A: according to #HGVS insertions containing a translation stop codon in the inserted sequence are described as an insertion, not as a deletion-insertion removing the entire C-terminal amino acid sequence. Therefore the correct description is p.(Ser585_Asp586insGlySerGlyAspArgLeuLeuArgTer). Note that amino acids encoded after the first termination codon are not listed.

akeeeshi commented 5 years ago

I was just about to repost on this thread after the holidays. I actually posed this question to the HGVS group over email two months ago. They finally responded two days ago! Looks like they posted their response on FB as well.

@reece would you view it as a viable improvement to try and make these deletion/insertion generating early termination follow HGVS protocol within the package?

reece commented 5 years ago

Yes, we should implement what HGVS recommends here. That is, we should revert to the original behavior, but add Ter.

In rereading this thread, I realized that I was so focused on coordinates and ins v. delins that I overlooked the internal Ter in the insert. ☹️

github-actions[bot] commented 11 months ago

This issue is stale because it has been open 90 days with no activity. Remove stale label or comment or this will be closed in 7 days.

github-actions[bot] commented 11 months ago

This issue was closed because it has been stalled for 7 days with no activity.

reece commented 9 months ago

This issue was closed by stalebot.
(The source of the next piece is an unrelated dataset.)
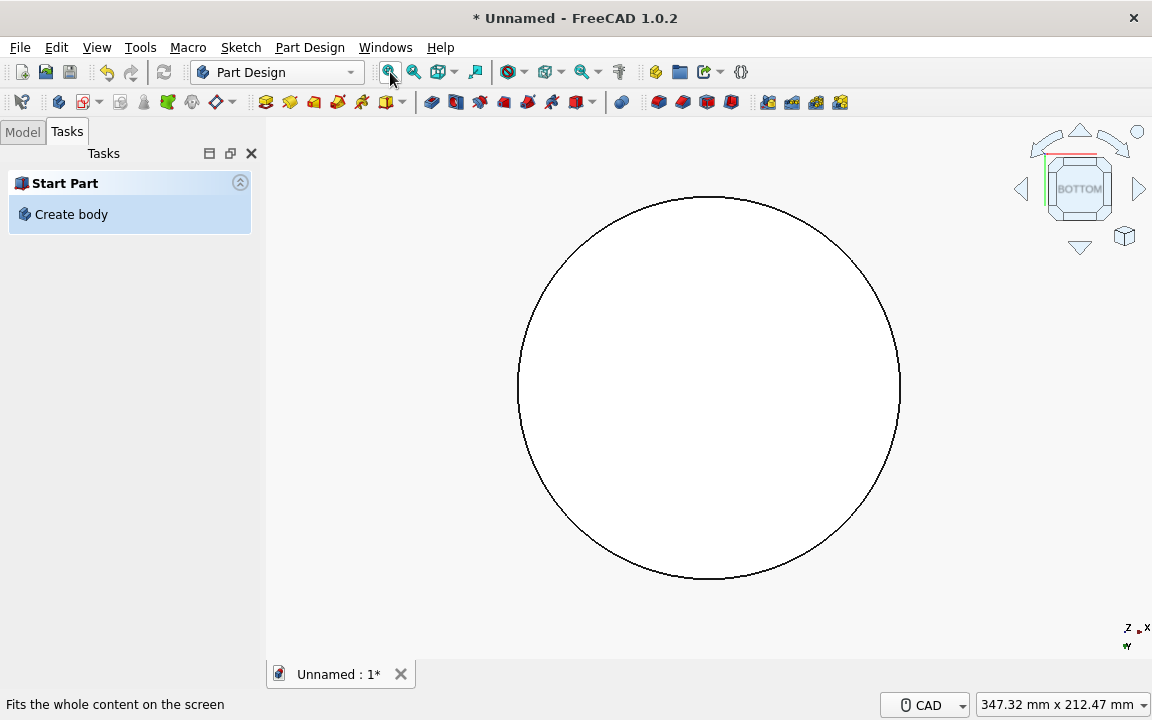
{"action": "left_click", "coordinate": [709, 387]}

It has been reopened to give more time for community review. See biocommons coding guidelines for stale issue and pull request policies. This resurrection is expected to be a one-time event.

github-actions[bot] commented 6 months ago

This issue is stale because it has been open 90 days with no activity. Remove stale label or comment or this will be closed in 7 days.